Required work — Once the pictures are set aside, transcribe each line of the data exactly.
START Data section
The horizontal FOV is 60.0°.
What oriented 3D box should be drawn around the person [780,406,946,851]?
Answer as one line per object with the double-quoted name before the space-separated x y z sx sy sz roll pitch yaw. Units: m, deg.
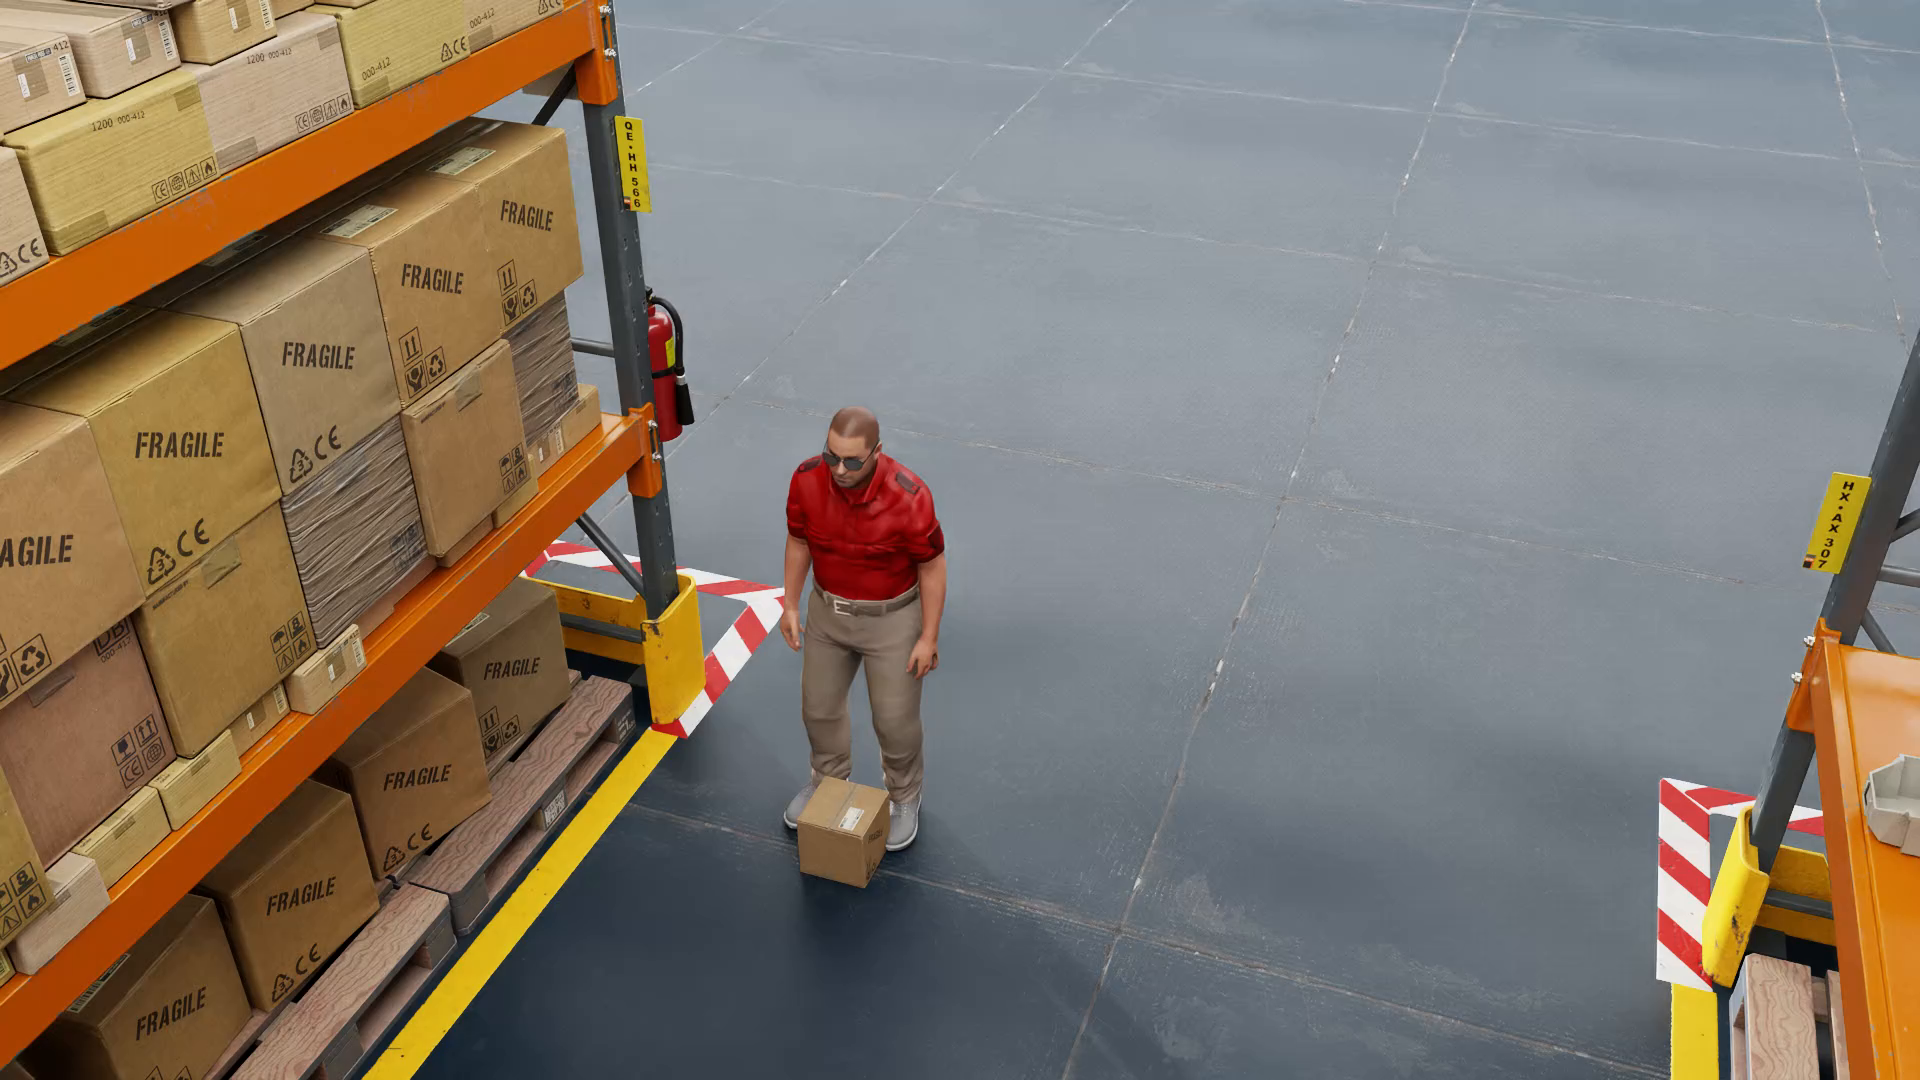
END Data section
Exercise output —
The horizontal FOV is 60.0°.
What oriented 3D box should be drawn around the person [780,406,946,851]?
Answer as one line per object with the double-quoted name before the space-separated x y z sx sy sz roll pitch yaw. Units: m, deg.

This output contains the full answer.